___ INFORMATION SHOWN ___

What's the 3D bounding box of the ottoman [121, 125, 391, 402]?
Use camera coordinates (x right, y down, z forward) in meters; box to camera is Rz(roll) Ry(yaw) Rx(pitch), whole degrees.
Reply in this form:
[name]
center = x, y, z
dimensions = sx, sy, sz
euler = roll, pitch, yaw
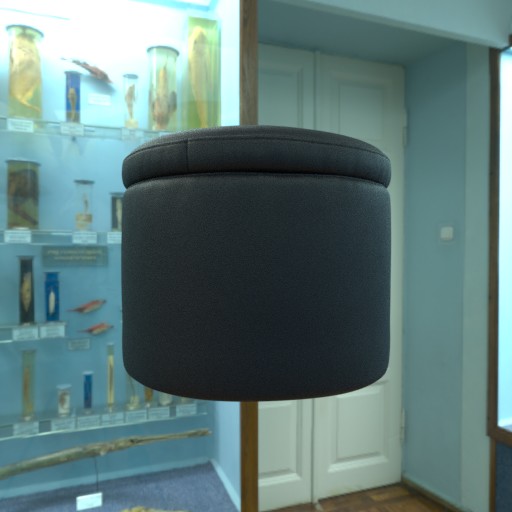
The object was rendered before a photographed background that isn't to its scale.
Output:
[ottoman]
center = 0.000, 0.000, 0.861
dimensions = 0.501, 0.409, 0.501
euler = 0, 1, 0

___

(WHAT THE TASK REQUIRES) Select every line of the records holding the string "pitch".

(ANSWER FOR THE TASK)
Use camera coordinates (x right, y down, z forward) in meters; box to camera is Rz(roll) Ry(yaw) Rx(pitch), whole degrees.
euler = roll, pitch, yaw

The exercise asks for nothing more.